YOUR ASSIGNMENT: Given the material below, return only the lines starting at the line with "object name: reproduction" and ending at the line with "tags: production of", exactly as they appear.

DATA FOR ANALYSIS:
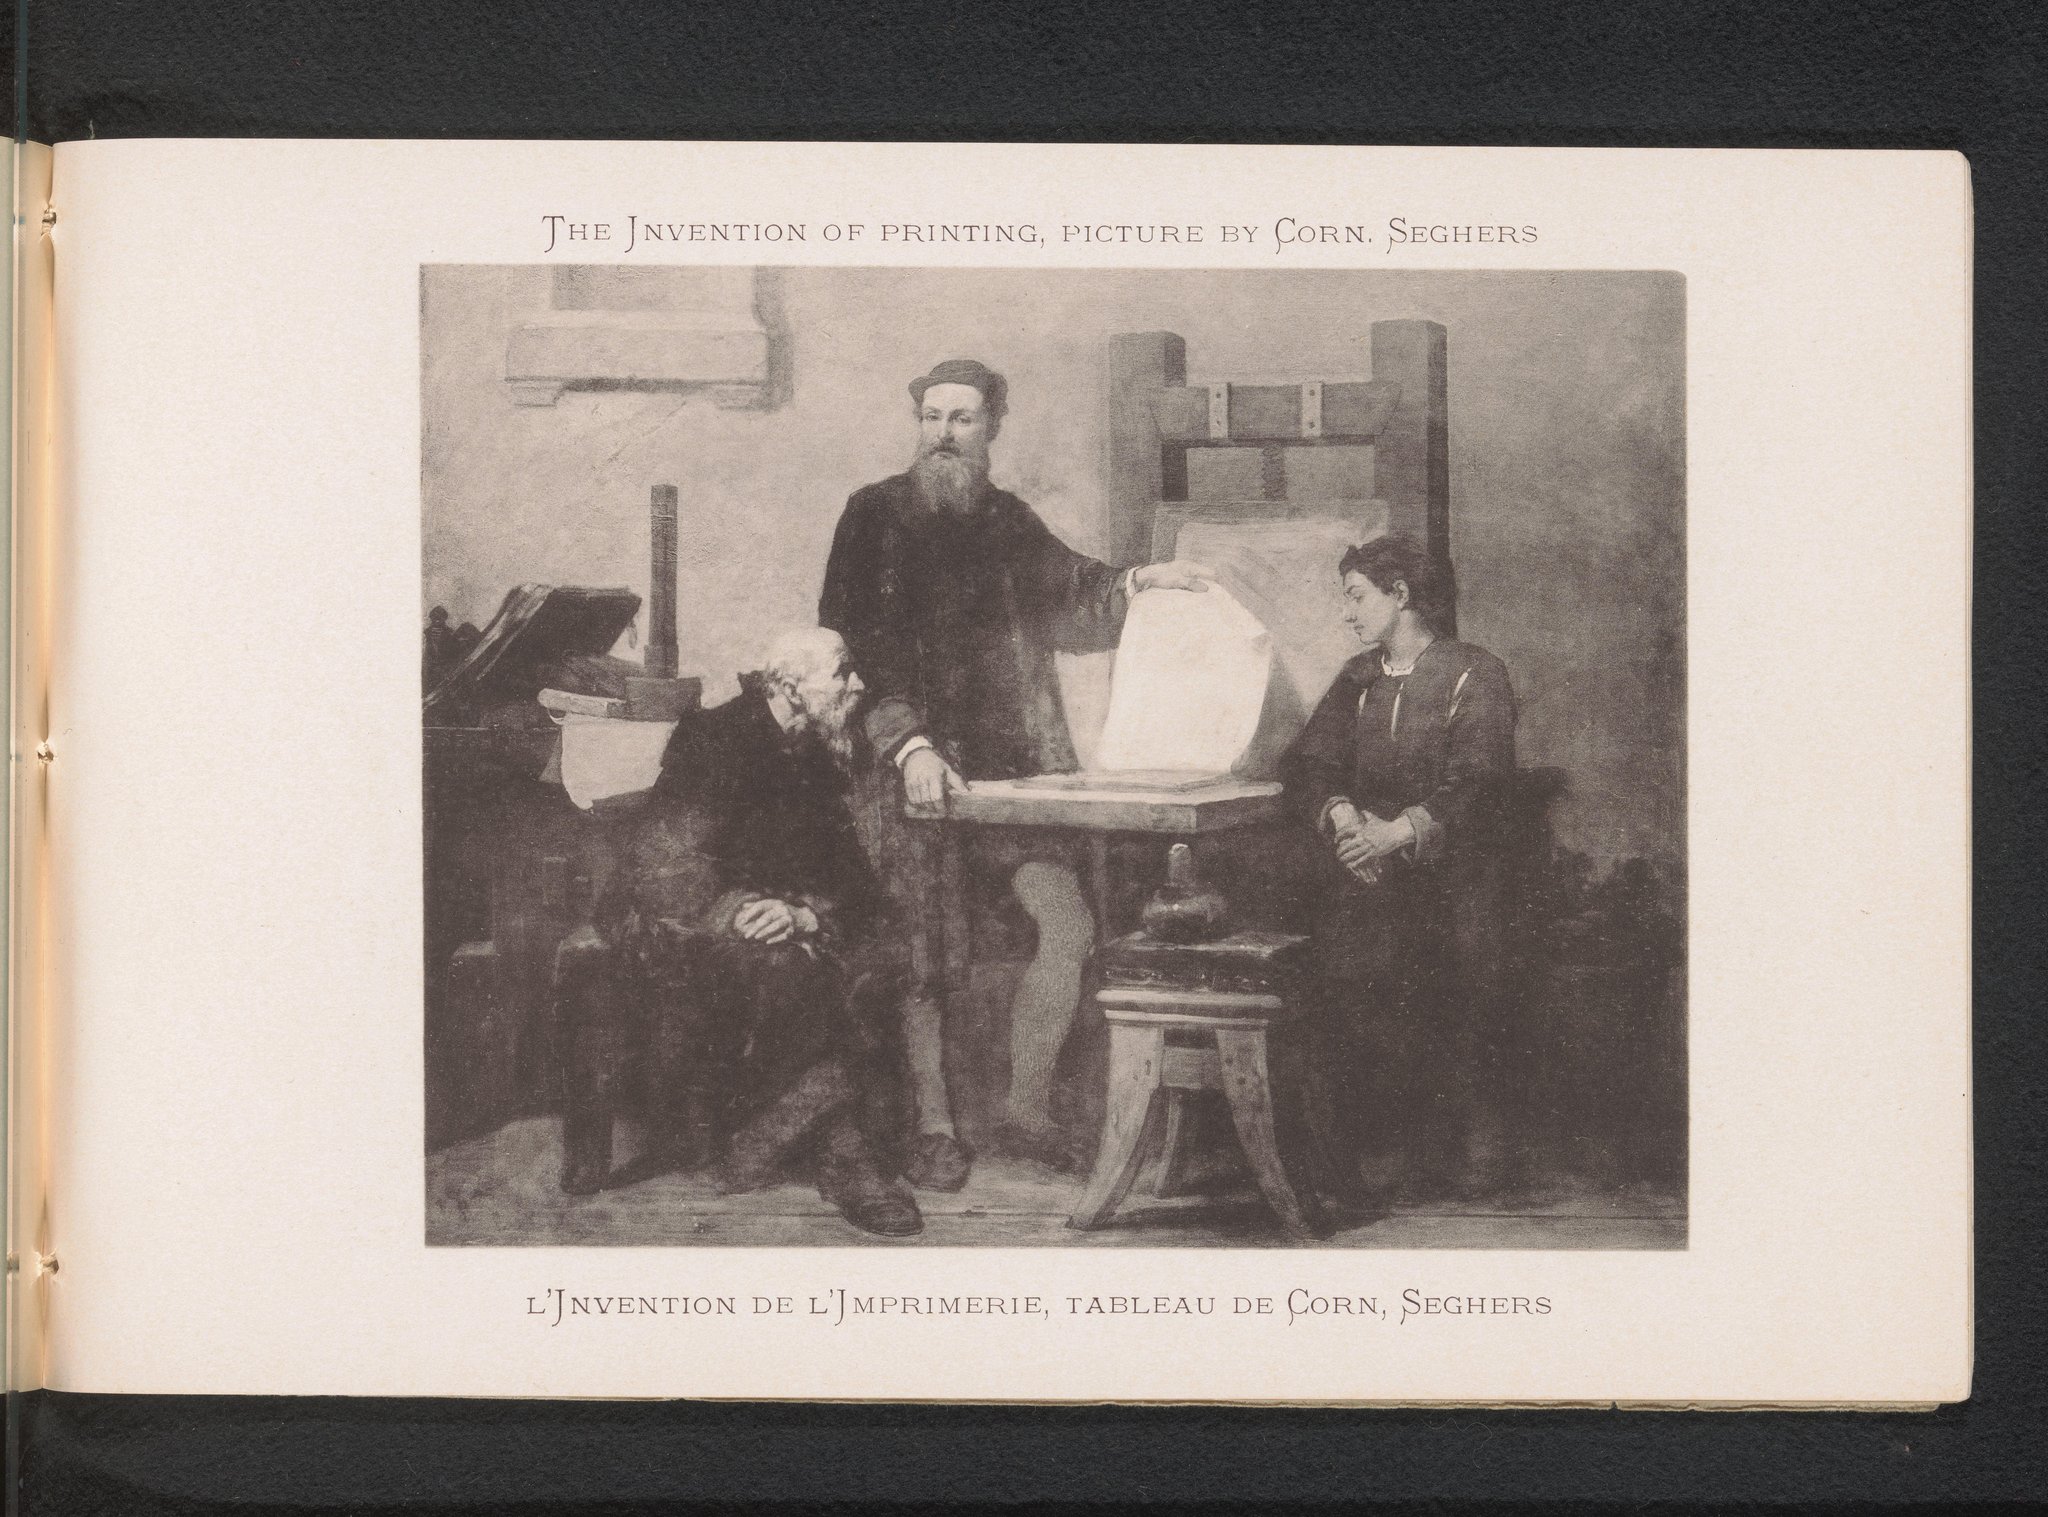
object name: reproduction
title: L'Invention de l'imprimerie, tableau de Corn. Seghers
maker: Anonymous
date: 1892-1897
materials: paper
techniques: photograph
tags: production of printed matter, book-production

==

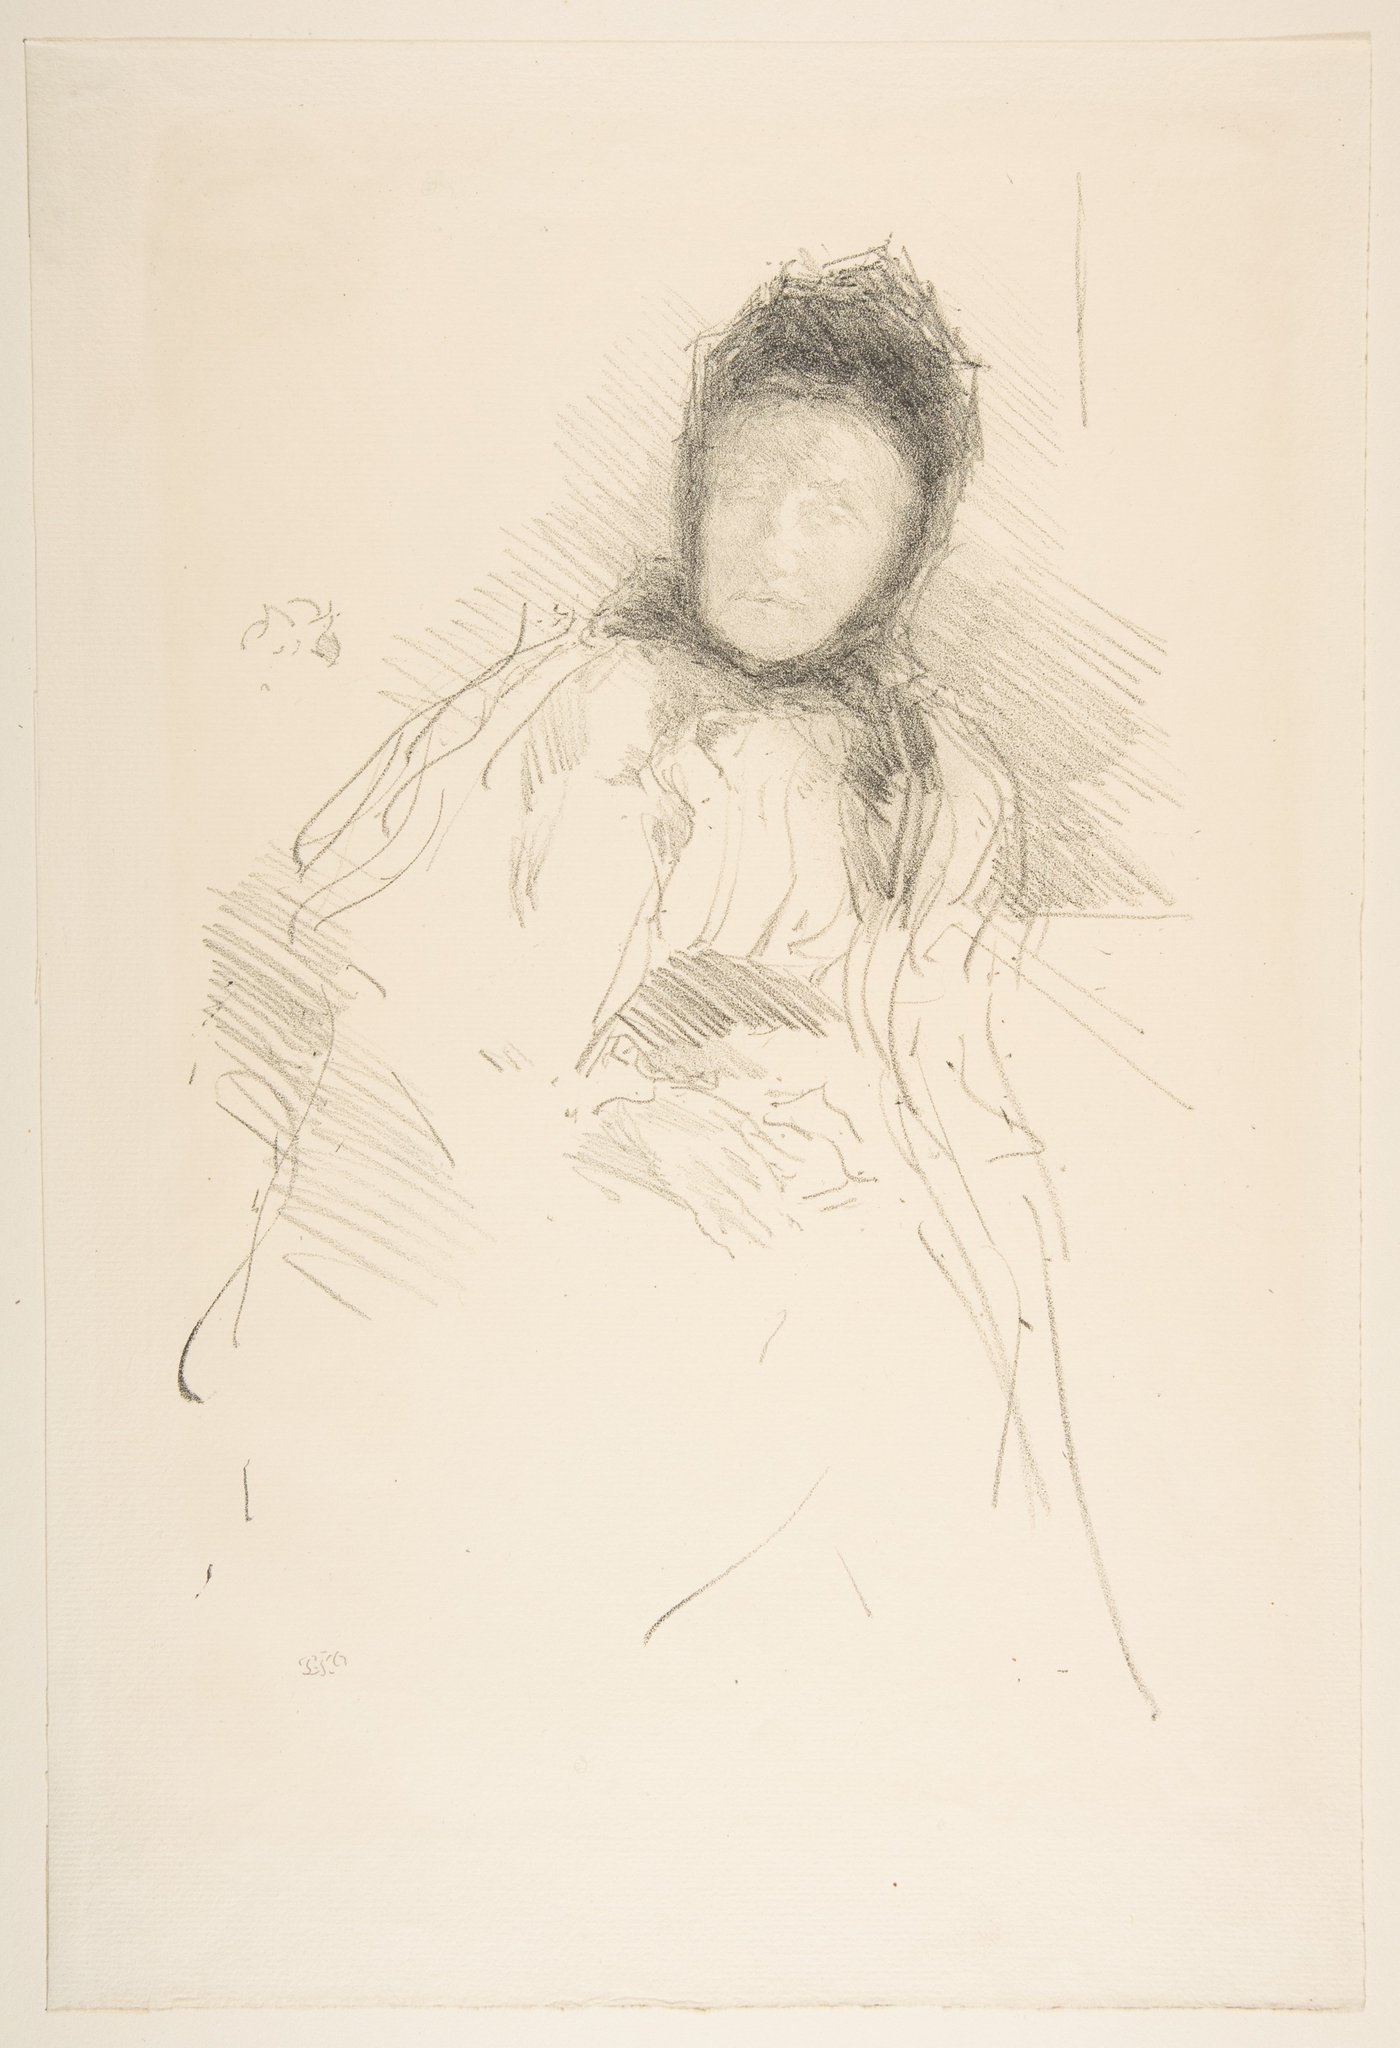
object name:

SOLUTION FOR THIS EXERCISE:
object name: reproduction
title: L'Invention de l'imprimerie, tableau de Corn. Seghers
maker: Anonymous
date: 1892-1897
materials: paper
techniques: photograph
tags: production of printed matter, book-production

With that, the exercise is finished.